Graduated with a BA Honours in Fine Art, Sculpture and Environmental Art from the Glasgow School of Art in 2010 and with an MA in Sculpture at the Royal College of Art in 2019. PhD candidate at University of Gloucestershire. Susie Olczak is a multidisciplinary artist with a focus on sculpture. Her work focuses on the idea of adaptation. Underpinning the projects are the themes of time, climate change, and urban development in the context of digital culture. Susie Olczak is a lecturer in Fine Art at University of Gloucestershire and has been a visiting lecturer at many UK institutions including Goldsmiths University of London, The Royal College of Art and University of the Arts London. Her work has been shown in the UK and internationally. She has been commissioned to produce public artworks by BBC Scotland, Charles Saatchi and the National Trust. Website: http://www.susieolczak.co.uk


Victoria Benito is a composer-artist and researcher. She makes music, videos, and performs her music. She is from Madrid and is currently based in Birmingham. She is often inspired by different life experiences, like swimming with dolphins in the ocean or tightening the screws of the pans and pots of her kitchen. Her music has been performed in Spain, the UK, and The Netherlands. A friend of hers said that her music ‘draws from a dreamlike sound world derived from humour, surrealism and subversion of expectations’, but I don’t really know whether that’s true; I’m just her biographer. And I’m also Victoria. I’m both.’

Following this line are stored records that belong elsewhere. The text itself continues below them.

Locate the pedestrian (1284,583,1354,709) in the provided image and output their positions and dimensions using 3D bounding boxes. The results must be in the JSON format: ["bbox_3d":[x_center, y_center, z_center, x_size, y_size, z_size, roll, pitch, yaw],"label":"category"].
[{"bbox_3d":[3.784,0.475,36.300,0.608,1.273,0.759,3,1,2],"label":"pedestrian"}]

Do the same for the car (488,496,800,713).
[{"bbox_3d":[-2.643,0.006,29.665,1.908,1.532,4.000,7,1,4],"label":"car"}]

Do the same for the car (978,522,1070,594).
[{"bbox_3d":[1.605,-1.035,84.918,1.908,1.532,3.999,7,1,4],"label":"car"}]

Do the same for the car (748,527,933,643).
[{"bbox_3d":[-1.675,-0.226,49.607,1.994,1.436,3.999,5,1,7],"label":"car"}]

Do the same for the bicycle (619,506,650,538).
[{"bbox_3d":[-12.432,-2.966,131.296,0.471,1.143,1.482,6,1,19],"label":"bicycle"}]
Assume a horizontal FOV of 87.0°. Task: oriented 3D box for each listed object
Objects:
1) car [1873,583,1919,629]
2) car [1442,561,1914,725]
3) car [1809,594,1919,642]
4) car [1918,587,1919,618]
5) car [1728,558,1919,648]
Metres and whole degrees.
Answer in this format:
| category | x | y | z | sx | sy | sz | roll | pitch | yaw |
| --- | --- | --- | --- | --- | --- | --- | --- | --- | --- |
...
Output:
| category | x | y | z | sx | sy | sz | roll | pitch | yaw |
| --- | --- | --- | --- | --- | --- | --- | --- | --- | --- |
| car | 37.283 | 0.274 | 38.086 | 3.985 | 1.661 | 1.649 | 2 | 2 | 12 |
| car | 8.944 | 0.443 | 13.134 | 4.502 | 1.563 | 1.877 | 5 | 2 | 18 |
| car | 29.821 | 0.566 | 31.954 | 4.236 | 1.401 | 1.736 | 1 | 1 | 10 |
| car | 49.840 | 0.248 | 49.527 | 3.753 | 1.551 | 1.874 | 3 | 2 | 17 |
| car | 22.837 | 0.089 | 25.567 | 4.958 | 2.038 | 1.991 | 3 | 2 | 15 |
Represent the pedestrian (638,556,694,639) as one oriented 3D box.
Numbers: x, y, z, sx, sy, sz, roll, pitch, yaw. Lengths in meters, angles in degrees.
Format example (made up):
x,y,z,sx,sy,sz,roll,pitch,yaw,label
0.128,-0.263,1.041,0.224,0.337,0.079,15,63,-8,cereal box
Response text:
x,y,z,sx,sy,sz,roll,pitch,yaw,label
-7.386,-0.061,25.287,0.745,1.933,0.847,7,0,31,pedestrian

Zelal Basodan is a Saudi emerging ceramic artist/researcher, she believes that Islamic art reflects her identity and cultural heritage. Zelal also believes that preserving this identity does not mean the rejection of other cultures but to adapt with one another and to find an in-between. Therefore, she chose Islamic Spain during the Nasrid period as her area of exploration, due to its lavish multi-cultural and distinctive artistic style. Zelal is presently undertaking a practice-based research aiming to contribute culturally and technically towards a hybrid Contemporary Islamic Ceramics. Inspired from a cultural heritage context, which is the world heritage site Alhambra Palace and Alhambra vases. Investigating the intercultural production of Islamic artefacts and applying new interpretations in her current creative practice. Zelal holds a BA and MA in Islamic Arts, from King Abdul-Aziz University, Jeddah. She worked at the same university from 2009-2018, and from 2018 she has been working at Jeddah University. Simultaneously, she is a Doctoral Researcher at the School of Design and Creative Arts, Loughborough University, exploring the emerging field of Islamic Studio Ceramics.